* What needs to be done *
Reproduce the records precisely. Omit every picture.

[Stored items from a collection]
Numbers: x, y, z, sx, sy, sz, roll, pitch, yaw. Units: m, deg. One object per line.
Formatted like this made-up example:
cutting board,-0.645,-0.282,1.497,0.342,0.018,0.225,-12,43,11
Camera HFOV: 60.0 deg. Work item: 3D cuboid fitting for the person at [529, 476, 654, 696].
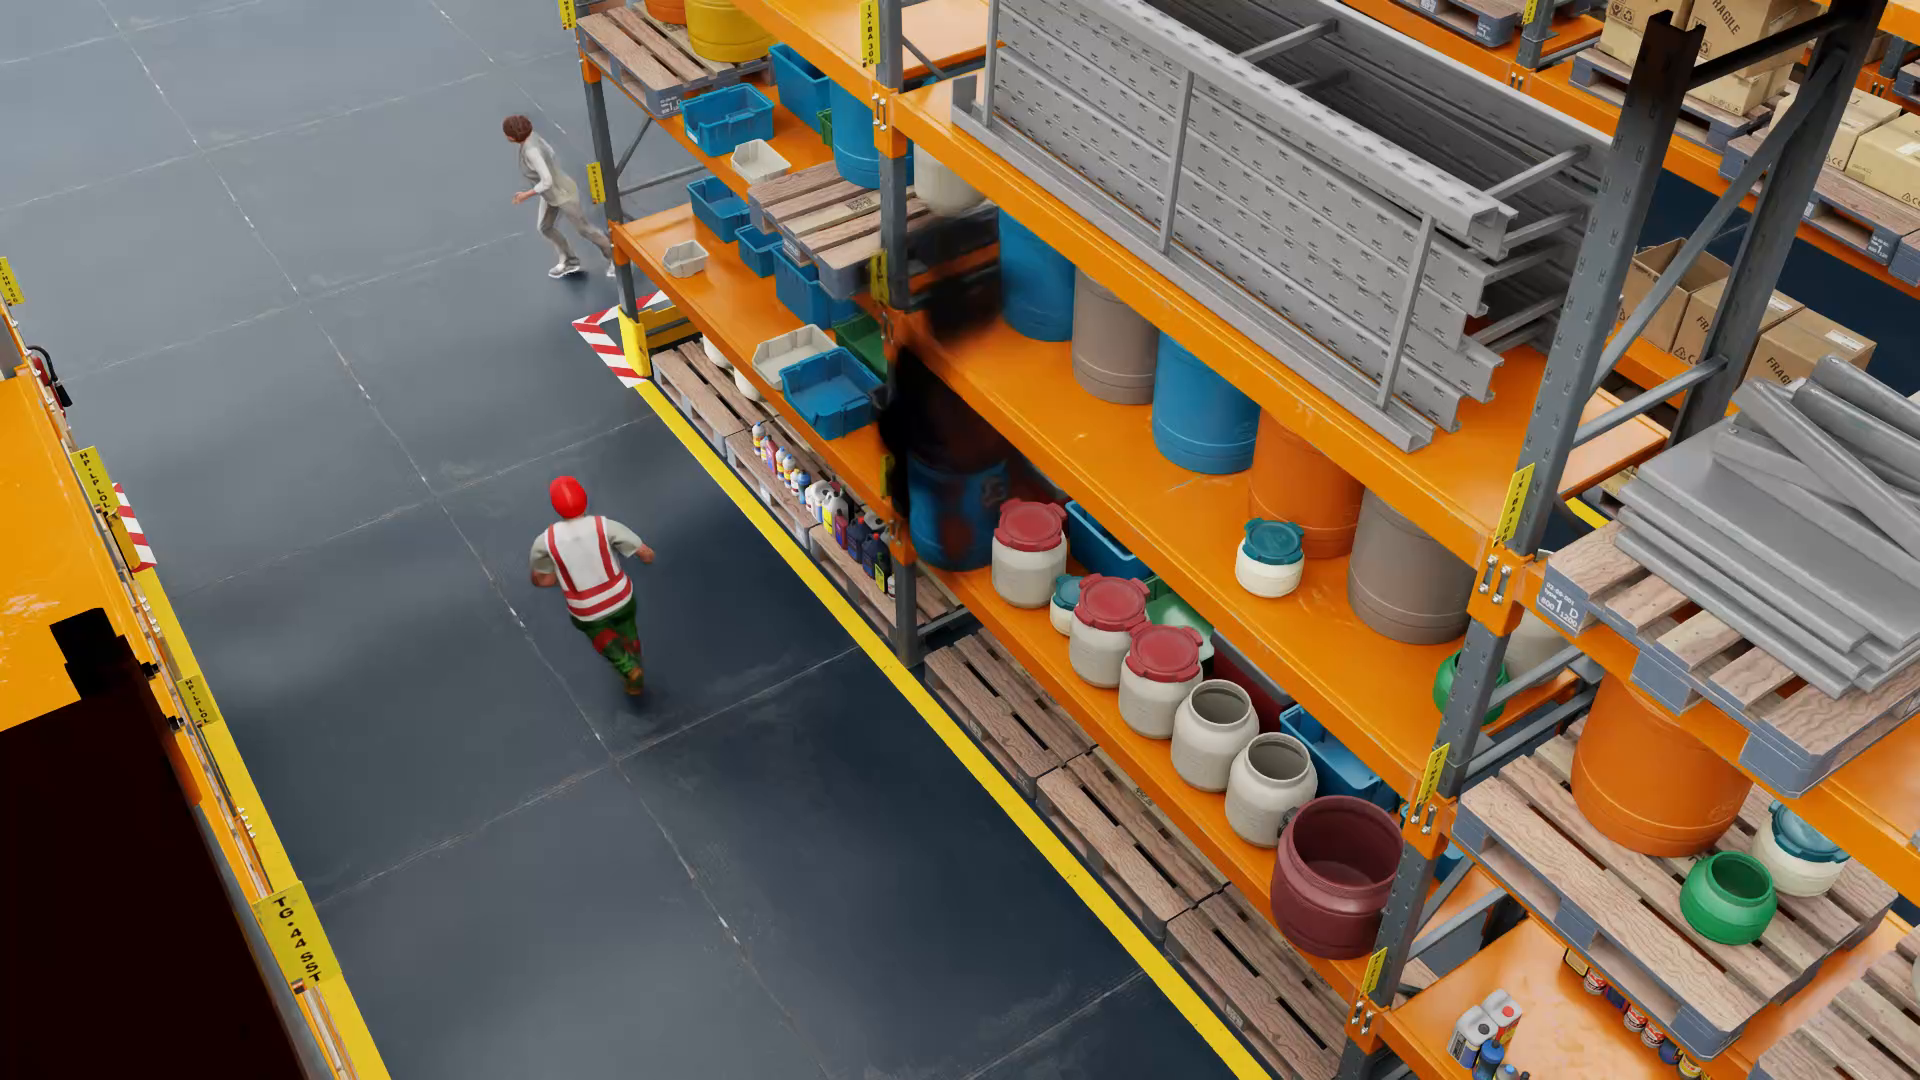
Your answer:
person,-2.200,0.337,10.185,0.763,1.684,0.552,-21,47,-21

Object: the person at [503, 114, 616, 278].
person,-3.300,-2.824,13.728,0.809,1.522,0.586,-22,47,-22

* Written reply *
Numbers: x, y, z, sx, sy, sz, roll, pitch, yaw. Units: m, deg. One object per line.
Formatted like this made-up example:
cutting board,-0.645,-0.282,1.497,0.342,0.018,0.225,-12,43,11
Camera HFOV: 60.0 deg. Work item: 3D cuboid fitting for the person at [529, 476, 654, 696].
Your answer:
person,-2.200,0.337,10.185,0.763,1.684,0.552,-21,47,-21

Object: the person at [503, 114, 616, 278].
person,-3.300,-2.824,13.728,0.809,1.522,0.586,-22,47,-22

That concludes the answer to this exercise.